The film makers could then have Vanko accept the apology and work with Tony and Rhodey to bring down the drones, either succeeding and paying off his crimes by working for Stark Industries, or, alternatively, Vanko could perish in a moment of self-sacrifice to save an innocent bystander, Pepper Potts, or any other situation and thus he will have paid for his crimes with his life. This ending would lack the simplistic action hero denouement we have become so accustomed to in which the hero kills the villain, so it may not have played well to a test audience, but it would certainly have been a more consistent and coherent direction for the film.
Or, should the film makers prefer to have him remain a villain and be killed off to satisfy our collective bloodlust and need for simplistic resolutions, they can have Vanko refuse the apology as too little, too late, and continue the attack only to perish. This would confirm Vanko as a villain beyond saving, and so the audience can feel even more satisfied that he died. At which stage, Tony could then express genuine sorrow and remorse about having to kill Vanko as they could have been ‘brothers’. In this way, Tony reaffirms his decision not to simply be a weapon that kills and solves problems through violence, but emerges as a true hero. Vanko could still be a villain, but now seen through a tragic lens, and how circumstance and mistake can lead to radically different outcomes. This has the benefit that you still have the action denouement, the villain is still punished and killed, Tony is even more heroic because he offered a way out, and you don’t have to change any footage apart from a little bit of dialogue.

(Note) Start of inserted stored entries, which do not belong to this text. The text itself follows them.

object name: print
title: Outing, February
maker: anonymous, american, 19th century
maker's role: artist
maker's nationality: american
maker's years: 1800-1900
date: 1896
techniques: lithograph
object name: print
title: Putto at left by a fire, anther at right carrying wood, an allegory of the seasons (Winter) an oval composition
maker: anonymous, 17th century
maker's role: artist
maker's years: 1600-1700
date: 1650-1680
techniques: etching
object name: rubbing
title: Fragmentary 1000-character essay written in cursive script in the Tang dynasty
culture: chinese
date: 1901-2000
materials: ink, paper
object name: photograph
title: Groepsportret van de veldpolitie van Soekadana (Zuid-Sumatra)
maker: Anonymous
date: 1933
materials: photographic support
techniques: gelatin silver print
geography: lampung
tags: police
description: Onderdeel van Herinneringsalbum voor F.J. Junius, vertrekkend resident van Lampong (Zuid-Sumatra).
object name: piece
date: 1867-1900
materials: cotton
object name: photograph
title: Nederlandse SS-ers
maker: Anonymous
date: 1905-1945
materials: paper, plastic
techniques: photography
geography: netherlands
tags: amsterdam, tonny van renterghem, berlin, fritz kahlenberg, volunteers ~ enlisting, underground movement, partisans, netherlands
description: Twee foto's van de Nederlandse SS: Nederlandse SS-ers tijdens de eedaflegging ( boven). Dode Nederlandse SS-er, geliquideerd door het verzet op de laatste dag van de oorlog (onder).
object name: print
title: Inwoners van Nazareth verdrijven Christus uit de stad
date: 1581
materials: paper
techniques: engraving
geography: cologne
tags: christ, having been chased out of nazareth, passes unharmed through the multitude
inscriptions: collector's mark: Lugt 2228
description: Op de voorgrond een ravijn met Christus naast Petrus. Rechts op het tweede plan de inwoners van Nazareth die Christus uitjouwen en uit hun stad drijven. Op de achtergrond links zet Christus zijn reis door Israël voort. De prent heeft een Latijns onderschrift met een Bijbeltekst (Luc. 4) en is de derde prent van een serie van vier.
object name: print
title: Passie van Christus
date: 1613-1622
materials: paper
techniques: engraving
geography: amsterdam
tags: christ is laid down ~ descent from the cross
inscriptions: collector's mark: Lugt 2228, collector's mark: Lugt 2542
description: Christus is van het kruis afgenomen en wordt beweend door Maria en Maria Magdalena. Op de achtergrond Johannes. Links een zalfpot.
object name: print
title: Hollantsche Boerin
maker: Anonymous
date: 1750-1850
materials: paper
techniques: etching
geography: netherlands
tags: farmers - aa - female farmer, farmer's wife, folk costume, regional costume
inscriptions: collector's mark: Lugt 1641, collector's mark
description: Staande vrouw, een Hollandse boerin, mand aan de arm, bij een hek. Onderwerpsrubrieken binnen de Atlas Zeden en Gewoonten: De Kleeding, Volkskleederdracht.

As it stands in the film, Vanko is a victim of Howard Stark, and even his own father, but the film forgets this and casts him solely as a villain. Tony and Rhodey celebrate his death as if they are psychopaths who don’t care about human life and conveniently forget that Vanko was a product of the situation created by his father and Tony’s father. Further, this callous disregard for life, or at the very least, cavalier attitude to it, goes against the entire arc of Tony’s development as a hero who wishes to be a force for good, who has pledged to defend rather than prosecute, and who is seeking to redress past failures to leave a brighter legacy. Instead, this film unintentionally casts Tony as a myopic, cruel, and bloodthirsty vigilante, who falsely valorises his imperfect father at the expense of those that his father mistreated. It undercuts the entire subtext created by the first two acts in favour of a simplistic, revenge narrative, that contradicts all the character development established by the first film and the first two thirds of the second film, leaving Tony in much the same position he was in at the start of the first film.